Return each line of the records holding the string "number".
= = = = = = =
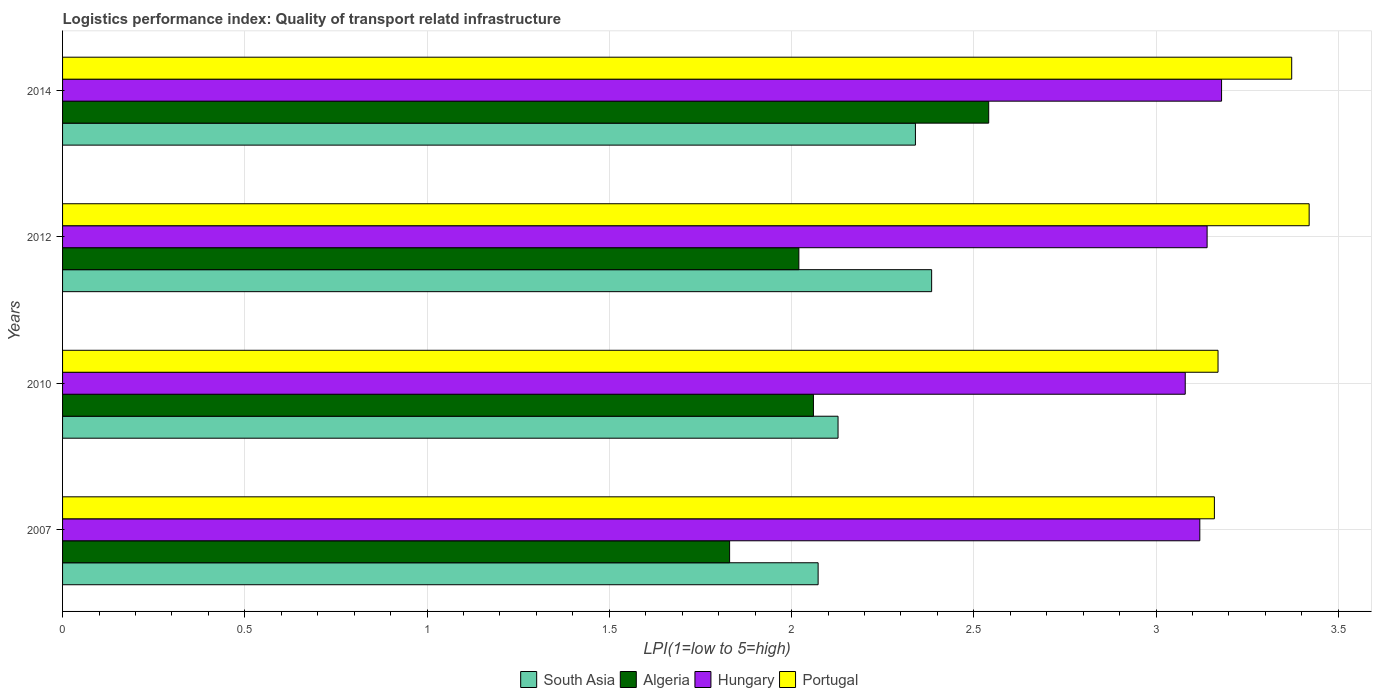How many different coloured bars are there?
Your response must be concise. 4. How many groups of bars are there?
Offer a terse response. 4. Are the number of bars per tick equal to the number of legend labels?
Provide a short and direct response. Yes. How many bars are there on the 1st tick from the top?
Ensure brevity in your answer.  4. How many bars are there on the 3rd tick from the bottom?
Give a very brief answer. 4. In how many cases, is the number of bars for a given year not equal to the number of legend labels?
Offer a terse response. 0. What is the logistics performance index in Algeria in 2014?
Your response must be concise. 2.54. Across all years, what is the maximum logistics performance index in Algeria?
Give a very brief answer. 2.54. Across all years, what is the minimum logistics performance index in Algeria?
Your answer should be compact. 1.83. In which year was the logistics performance index in Hungary minimum?
Your answer should be compact. 2010. What is the total logistics performance index in Portugal in the graph?
Provide a succinct answer. 13.12. What is the difference between the logistics performance index in Hungary in 2007 and that in 2012?
Make the answer very short. -0.02. What is the difference between the logistics performance index in Algeria in 2007 and the logistics performance index in South Asia in 2012?
Provide a succinct answer. -0.55. What is the average logistics performance index in Portugal per year?
Your answer should be compact. 3.28. In the year 2007, what is the difference between the logistics performance index in South Asia and logistics performance index in Hungary?
Provide a succinct answer. -1.05. In how many years, is the logistics performance index in Portugal greater than 1.8 ?
Keep it short and to the point. 4. What is the ratio of the logistics performance index in South Asia in 2007 to that in 2012?
Give a very brief answer. 0.87. What is the difference between the highest and the second highest logistics performance index in South Asia?
Offer a very short reply. 0.04. What is the difference between the highest and the lowest logistics performance index in South Asia?
Make the answer very short. 0.31. What does the 1st bar from the bottom in 2007 represents?
Your answer should be very brief. South Asia. Is it the case that in every year, the sum of the logistics performance index in South Asia and logistics performance index in Portugal is greater than the logistics performance index in Algeria?
Ensure brevity in your answer.  Yes. How many bars are there?
Provide a short and direct response. 16. How many years are there in the graph?
Offer a very short reply. 4. Does the graph contain grids?
Your response must be concise. Yes. How many legend labels are there?
Provide a succinct answer. 4. What is the title of the graph?
Provide a short and direct response. Logistics performance index: Quality of transport relatd infrastructure. What is the label or title of the X-axis?
Offer a very short reply. LPI(1=low to 5=high). What is the LPI(1=low to 5=high) in South Asia in 2007?
Offer a terse response. 2.07. What is the LPI(1=low to 5=high) of Algeria in 2007?
Make the answer very short. 1.83. What is the LPI(1=low to 5=high) of Hungary in 2007?
Give a very brief answer. 3.12. What is the LPI(1=low to 5=high) of Portugal in 2007?
Ensure brevity in your answer.  3.16. What is the LPI(1=low to 5=high) in South Asia in 2010?
Provide a succinct answer. 2.13. What is the LPI(1=low to 5=high) of Algeria in 2010?
Offer a terse response. 2.06. What is the LPI(1=low to 5=high) of Hungary in 2010?
Your answer should be very brief. 3.08. What is the LPI(1=low to 5=high) in Portugal in 2010?
Your answer should be very brief. 3.17. What is the LPI(1=low to 5=high) of South Asia in 2012?
Your answer should be very brief. 2.38. What is the LPI(1=low to 5=high) in Algeria in 2012?
Your answer should be compact. 2.02. What is the LPI(1=low to 5=high) in Hungary in 2012?
Your answer should be compact. 3.14. What is the LPI(1=low to 5=high) of Portugal in 2012?
Offer a terse response. 3.42. What is the LPI(1=low to 5=high) in South Asia in 2014?
Your response must be concise. 2.34. What is the LPI(1=low to 5=high) of Algeria in 2014?
Your answer should be compact. 2.54. What is the LPI(1=low to 5=high) of Hungary in 2014?
Your answer should be very brief. 3.18. What is the LPI(1=low to 5=high) of Portugal in 2014?
Your answer should be compact. 3.37. Across all years, what is the maximum LPI(1=low to 5=high) in South Asia?
Your answer should be compact. 2.38. Across all years, what is the maximum LPI(1=low to 5=high) of Algeria?
Offer a very short reply. 2.54. Across all years, what is the maximum LPI(1=low to 5=high) in Hungary?
Your answer should be compact. 3.18. Across all years, what is the maximum LPI(1=low to 5=high) in Portugal?
Offer a very short reply. 3.42. Across all years, what is the minimum LPI(1=low to 5=high) of South Asia?
Ensure brevity in your answer.  2.07. Across all years, what is the minimum LPI(1=low to 5=high) in Algeria?
Provide a short and direct response. 1.83. Across all years, what is the minimum LPI(1=low to 5=high) in Hungary?
Ensure brevity in your answer.  3.08. Across all years, what is the minimum LPI(1=low to 5=high) in Portugal?
Your answer should be compact. 3.16. What is the total LPI(1=low to 5=high) of South Asia in the graph?
Give a very brief answer. 8.92. What is the total LPI(1=low to 5=high) in Algeria in the graph?
Provide a short and direct response. 8.45. What is the total LPI(1=low to 5=high) of Hungary in the graph?
Make the answer very short. 12.52. What is the total LPI(1=low to 5=high) in Portugal in the graph?
Provide a succinct answer. 13.12. What is the difference between the LPI(1=low to 5=high) of South Asia in 2007 and that in 2010?
Your answer should be very brief. -0.05. What is the difference between the LPI(1=low to 5=high) in Algeria in 2007 and that in 2010?
Give a very brief answer. -0.23. What is the difference between the LPI(1=low to 5=high) of Portugal in 2007 and that in 2010?
Your response must be concise. -0.01. What is the difference between the LPI(1=low to 5=high) in South Asia in 2007 and that in 2012?
Keep it short and to the point. -0.31. What is the difference between the LPI(1=low to 5=high) of Algeria in 2007 and that in 2012?
Provide a succinct answer. -0.19. What is the difference between the LPI(1=low to 5=high) in Hungary in 2007 and that in 2012?
Offer a terse response. -0.02. What is the difference between the LPI(1=low to 5=high) in Portugal in 2007 and that in 2012?
Offer a terse response. -0.26. What is the difference between the LPI(1=low to 5=high) in South Asia in 2007 and that in 2014?
Make the answer very short. -0.27. What is the difference between the LPI(1=low to 5=high) in Algeria in 2007 and that in 2014?
Your answer should be very brief. -0.71. What is the difference between the LPI(1=low to 5=high) in Hungary in 2007 and that in 2014?
Keep it short and to the point. -0.06. What is the difference between the LPI(1=low to 5=high) in Portugal in 2007 and that in 2014?
Your answer should be compact. -0.21. What is the difference between the LPI(1=low to 5=high) of South Asia in 2010 and that in 2012?
Make the answer very short. -0.26. What is the difference between the LPI(1=low to 5=high) of Algeria in 2010 and that in 2012?
Give a very brief answer. 0.04. What is the difference between the LPI(1=low to 5=high) in Hungary in 2010 and that in 2012?
Provide a succinct answer. -0.06. What is the difference between the LPI(1=low to 5=high) in Portugal in 2010 and that in 2012?
Make the answer very short. -0.25. What is the difference between the LPI(1=low to 5=high) in South Asia in 2010 and that in 2014?
Ensure brevity in your answer.  -0.21. What is the difference between the LPI(1=low to 5=high) in Algeria in 2010 and that in 2014?
Your answer should be very brief. -0.48. What is the difference between the LPI(1=low to 5=high) of Hungary in 2010 and that in 2014?
Make the answer very short. -0.1. What is the difference between the LPI(1=low to 5=high) of Portugal in 2010 and that in 2014?
Your answer should be very brief. -0.2. What is the difference between the LPI(1=low to 5=high) in South Asia in 2012 and that in 2014?
Offer a very short reply. 0.04. What is the difference between the LPI(1=low to 5=high) in Algeria in 2012 and that in 2014?
Provide a short and direct response. -0.52. What is the difference between the LPI(1=low to 5=high) of Hungary in 2012 and that in 2014?
Provide a short and direct response. -0.04. What is the difference between the LPI(1=low to 5=high) of Portugal in 2012 and that in 2014?
Keep it short and to the point. 0.05. What is the difference between the LPI(1=low to 5=high) of South Asia in 2007 and the LPI(1=low to 5=high) of Algeria in 2010?
Provide a succinct answer. 0.01. What is the difference between the LPI(1=low to 5=high) of South Asia in 2007 and the LPI(1=low to 5=high) of Hungary in 2010?
Make the answer very short. -1.01. What is the difference between the LPI(1=low to 5=high) in South Asia in 2007 and the LPI(1=low to 5=high) in Portugal in 2010?
Make the answer very short. -1.1. What is the difference between the LPI(1=low to 5=high) of Algeria in 2007 and the LPI(1=low to 5=high) of Hungary in 2010?
Your answer should be compact. -1.25. What is the difference between the LPI(1=low to 5=high) of Algeria in 2007 and the LPI(1=low to 5=high) of Portugal in 2010?
Provide a short and direct response. -1.34. What is the difference between the LPI(1=low to 5=high) of South Asia in 2007 and the LPI(1=low to 5=high) of Algeria in 2012?
Offer a very short reply. 0.05. What is the difference between the LPI(1=low to 5=high) in South Asia in 2007 and the LPI(1=low to 5=high) in Hungary in 2012?
Offer a terse response. -1.07. What is the difference between the LPI(1=low to 5=high) in South Asia in 2007 and the LPI(1=low to 5=high) in Portugal in 2012?
Offer a terse response. -1.35. What is the difference between the LPI(1=low to 5=high) of Algeria in 2007 and the LPI(1=low to 5=high) of Hungary in 2012?
Ensure brevity in your answer.  -1.31. What is the difference between the LPI(1=low to 5=high) in Algeria in 2007 and the LPI(1=low to 5=high) in Portugal in 2012?
Keep it short and to the point. -1.59. What is the difference between the LPI(1=low to 5=high) in South Asia in 2007 and the LPI(1=low to 5=high) in Algeria in 2014?
Provide a short and direct response. -0.47. What is the difference between the LPI(1=low to 5=high) of South Asia in 2007 and the LPI(1=low to 5=high) of Hungary in 2014?
Ensure brevity in your answer.  -1.11. What is the difference between the LPI(1=low to 5=high) in South Asia in 2007 and the LPI(1=low to 5=high) in Portugal in 2014?
Keep it short and to the point. -1.3. What is the difference between the LPI(1=low to 5=high) in Algeria in 2007 and the LPI(1=low to 5=high) in Hungary in 2014?
Provide a succinct answer. -1.35. What is the difference between the LPI(1=low to 5=high) of Algeria in 2007 and the LPI(1=low to 5=high) of Portugal in 2014?
Offer a terse response. -1.54. What is the difference between the LPI(1=low to 5=high) in Hungary in 2007 and the LPI(1=low to 5=high) in Portugal in 2014?
Your answer should be compact. -0.25. What is the difference between the LPI(1=low to 5=high) in South Asia in 2010 and the LPI(1=low to 5=high) in Algeria in 2012?
Your answer should be very brief. 0.11. What is the difference between the LPI(1=low to 5=high) in South Asia in 2010 and the LPI(1=low to 5=high) in Hungary in 2012?
Provide a short and direct response. -1.01. What is the difference between the LPI(1=low to 5=high) in South Asia in 2010 and the LPI(1=low to 5=high) in Portugal in 2012?
Keep it short and to the point. -1.29. What is the difference between the LPI(1=low to 5=high) in Algeria in 2010 and the LPI(1=low to 5=high) in Hungary in 2012?
Keep it short and to the point. -1.08. What is the difference between the LPI(1=low to 5=high) in Algeria in 2010 and the LPI(1=low to 5=high) in Portugal in 2012?
Offer a terse response. -1.36. What is the difference between the LPI(1=low to 5=high) in Hungary in 2010 and the LPI(1=low to 5=high) in Portugal in 2012?
Keep it short and to the point. -0.34. What is the difference between the LPI(1=low to 5=high) of South Asia in 2010 and the LPI(1=low to 5=high) of Algeria in 2014?
Give a very brief answer. -0.41. What is the difference between the LPI(1=low to 5=high) of South Asia in 2010 and the LPI(1=low to 5=high) of Hungary in 2014?
Offer a terse response. -1.05. What is the difference between the LPI(1=low to 5=high) in South Asia in 2010 and the LPI(1=low to 5=high) in Portugal in 2014?
Offer a very short reply. -1.24. What is the difference between the LPI(1=low to 5=high) of Algeria in 2010 and the LPI(1=low to 5=high) of Hungary in 2014?
Give a very brief answer. -1.12. What is the difference between the LPI(1=low to 5=high) of Algeria in 2010 and the LPI(1=low to 5=high) of Portugal in 2014?
Your answer should be compact. -1.31. What is the difference between the LPI(1=low to 5=high) of Hungary in 2010 and the LPI(1=low to 5=high) of Portugal in 2014?
Your answer should be very brief. -0.29. What is the difference between the LPI(1=low to 5=high) in South Asia in 2012 and the LPI(1=low to 5=high) in Algeria in 2014?
Your response must be concise. -0.16. What is the difference between the LPI(1=low to 5=high) in South Asia in 2012 and the LPI(1=low to 5=high) in Hungary in 2014?
Keep it short and to the point. -0.8. What is the difference between the LPI(1=low to 5=high) of South Asia in 2012 and the LPI(1=low to 5=high) of Portugal in 2014?
Give a very brief answer. -0.99. What is the difference between the LPI(1=low to 5=high) of Algeria in 2012 and the LPI(1=low to 5=high) of Hungary in 2014?
Provide a succinct answer. -1.16. What is the difference between the LPI(1=low to 5=high) in Algeria in 2012 and the LPI(1=low to 5=high) in Portugal in 2014?
Provide a succinct answer. -1.35. What is the difference between the LPI(1=low to 5=high) in Hungary in 2012 and the LPI(1=low to 5=high) in Portugal in 2014?
Make the answer very short. -0.23. What is the average LPI(1=low to 5=high) in South Asia per year?
Your response must be concise. 2.23. What is the average LPI(1=low to 5=high) of Algeria per year?
Your answer should be very brief. 2.11. What is the average LPI(1=low to 5=high) in Hungary per year?
Offer a very short reply. 3.13. What is the average LPI(1=low to 5=high) of Portugal per year?
Offer a very short reply. 3.28. In the year 2007, what is the difference between the LPI(1=low to 5=high) of South Asia and LPI(1=low to 5=high) of Algeria?
Offer a very short reply. 0.24. In the year 2007, what is the difference between the LPI(1=low to 5=high) in South Asia and LPI(1=low to 5=high) in Hungary?
Provide a succinct answer. -1.05. In the year 2007, what is the difference between the LPI(1=low to 5=high) of South Asia and LPI(1=low to 5=high) of Portugal?
Provide a short and direct response. -1.09. In the year 2007, what is the difference between the LPI(1=low to 5=high) in Algeria and LPI(1=low to 5=high) in Hungary?
Your response must be concise. -1.29. In the year 2007, what is the difference between the LPI(1=low to 5=high) in Algeria and LPI(1=low to 5=high) in Portugal?
Give a very brief answer. -1.33. In the year 2007, what is the difference between the LPI(1=low to 5=high) in Hungary and LPI(1=low to 5=high) in Portugal?
Provide a short and direct response. -0.04. In the year 2010, what is the difference between the LPI(1=low to 5=high) in South Asia and LPI(1=low to 5=high) in Algeria?
Give a very brief answer. 0.07. In the year 2010, what is the difference between the LPI(1=low to 5=high) in South Asia and LPI(1=low to 5=high) in Hungary?
Offer a terse response. -0.95. In the year 2010, what is the difference between the LPI(1=low to 5=high) in South Asia and LPI(1=low to 5=high) in Portugal?
Your answer should be very brief. -1.04. In the year 2010, what is the difference between the LPI(1=low to 5=high) of Algeria and LPI(1=low to 5=high) of Hungary?
Offer a very short reply. -1.02. In the year 2010, what is the difference between the LPI(1=low to 5=high) in Algeria and LPI(1=low to 5=high) in Portugal?
Make the answer very short. -1.11. In the year 2010, what is the difference between the LPI(1=low to 5=high) of Hungary and LPI(1=low to 5=high) of Portugal?
Offer a terse response. -0.09. In the year 2012, what is the difference between the LPI(1=low to 5=high) in South Asia and LPI(1=low to 5=high) in Algeria?
Keep it short and to the point. 0.36. In the year 2012, what is the difference between the LPI(1=low to 5=high) in South Asia and LPI(1=low to 5=high) in Hungary?
Your response must be concise. -0.76. In the year 2012, what is the difference between the LPI(1=low to 5=high) in South Asia and LPI(1=low to 5=high) in Portugal?
Give a very brief answer. -1.04. In the year 2012, what is the difference between the LPI(1=low to 5=high) of Algeria and LPI(1=low to 5=high) of Hungary?
Your answer should be compact. -1.12. In the year 2012, what is the difference between the LPI(1=low to 5=high) of Hungary and LPI(1=low to 5=high) of Portugal?
Your answer should be compact. -0.28. In the year 2014, what is the difference between the LPI(1=low to 5=high) of South Asia and LPI(1=low to 5=high) of Algeria?
Ensure brevity in your answer.  -0.2. In the year 2014, what is the difference between the LPI(1=low to 5=high) in South Asia and LPI(1=low to 5=high) in Hungary?
Your answer should be compact. -0.84. In the year 2014, what is the difference between the LPI(1=low to 5=high) of South Asia and LPI(1=low to 5=high) of Portugal?
Keep it short and to the point. -1.03. In the year 2014, what is the difference between the LPI(1=low to 5=high) of Algeria and LPI(1=low to 5=high) of Hungary?
Ensure brevity in your answer.  -0.64. In the year 2014, what is the difference between the LPI(1=low to 5=high) in Algeria and LPI(1=low to 5=high) in Portugal?
Give a very brief answer. -0.83. In the year 2014, what is the difference between the LPI(1=low to 5=high) of Hungary and LPI(1=low to 5=high) of Portugal?
Provide a short and direct response. -0.19. What is the ratio of the LPI(1=low to 5=high) in South Asia in 2007 to that in 2010?
Your response must be concise. 0.97. What is the ratio of the LPI(1=low to 5=high) of Algeria in 2007 to that in 2010?
Your response must be concise. 0.89. What is the ratio of the LPI(1=low to 5=high) of Hungary in 2007 to that in 2010?
Make the answer very short. 1.01. What is the ratio of the LPI(1=low to 5=high) in South Asia in 2007 to that in 2012?
Provide a succinct answer. 0.87. What is the ratio of the LPI(1=low to 5=high) in Algeria in 2007 to that in 2012?
Offer a terse response. 0.91. What is the ratio of the LPI(1=low to 5=high) of Portugal in 2007 to that in 2012?
Provide a short and direct response. 0.92. What is the ratio of the LPI(1=low to 5=high) in South Asia in 2007 to that in 2014?
Give a very brief answer. 0.89. What is the ratio of the LPI(1=low to 5=high) of Algeria in 2007 to that in 2014?
Your answer should be very brief. 0.72. What is the ratio of the LPI(1=low to 5=high) of Hungary in 2007 to that in 2014?
Provide a succinct answer. 0.98. What is the ratio of the LPI(1=low to 5=high) of Portugal in 2007 to that in 2014?
Give a very brief answer. 0.94. What is the ratio of the LPI(1=low to 5=high) of South Asia in 2010 to that in 2012?
Your answer should be compact. 0.89. What is the ratio of the LPI(1=low to 5=high) in Algeria in 2010 to that in 2012?
Make the answer very short. 1.02. What is the ratio of the LPI(1=low to 5=high) of Hungary in 2010 to that in 2012?
Ensure brevity in your answer.  0.98. What is the ratio of the LPI(1=low to 5=high) in Portugal in 2010 to that in 2012?
Keep it short and to the point. 0.93. What is the ratio of the LPI(1=low to 5=high) in South Asia in 2010 to that in 2014?
Your answer should be compact. 0.91. What is the ratio of the LPI(1=low to 5=high) in Algeria in 2010 to that in 2014?
Make the answer very short. 0.81. What is the ratio of the LPI(1=low to 5=high) of Hungary in 2010 to that in 2014?
Make the answer very short. 0.97. What is the ratio of the LPI(1=low to 5=high) in Portugal in 2010 to that in 2014?
Give a very brief answer. 0.94. What is the ratio of the LPI(1=low to 5=high) in Algeria in 2012 to that in 2014?
Make the answer very short. 0.8. What is the ratio of the LPI(1=low to 5=high) in Hungary in 2012 to that in 2014?
Your answer should be very brief. 0.99. What is the ratio of the LPI(1=low to 5=high) of Portugal in 2012 to that in 2014?
Make the answer very short. 1.01. What is the difference between the highest and the second highest LPI(1=low to 5=high) in South Asia?
Make the answer very short. 0.04. What is the difference between the highest and the second highest LPI(1=low to 5=high) of Algeria?
Provide a succinct answer. 0.48. What is the difference between the highest and the second highest LPI(1=low to 5=high) in Hungary?
Make the answer very short. 0.04. What is the difference between the highest and the second highest LPI(1=low to 5=high) in Portugal?
Provide a succinct answer. 0.05. What is the difference between the highest and the lowest LPI(1=low to 5=high) in South Asia?
Your answer should be compact. 0.31. What is the difference between the highest and the lowest LPI(1=low to 5=high) of Algeria?
Offer a very short reply. 0.71. What is the difference between the highest and the lowest LPI(1=low to 5=high) of Hungary?
Provide a short and direct response. 0.1. What is the difference between the highest and the lowest LPI(1=low to 5=high) of Portugal?
Give a very brief answer. 0.26.
= = = = = = =
*Written response*:
Offer a terse response. 4. Are the number of bars per tick equal to the number of legend labels?
Give a very brief answer. 4. In how many cases, is the number of bars for a given year not equal to the number of legend labels?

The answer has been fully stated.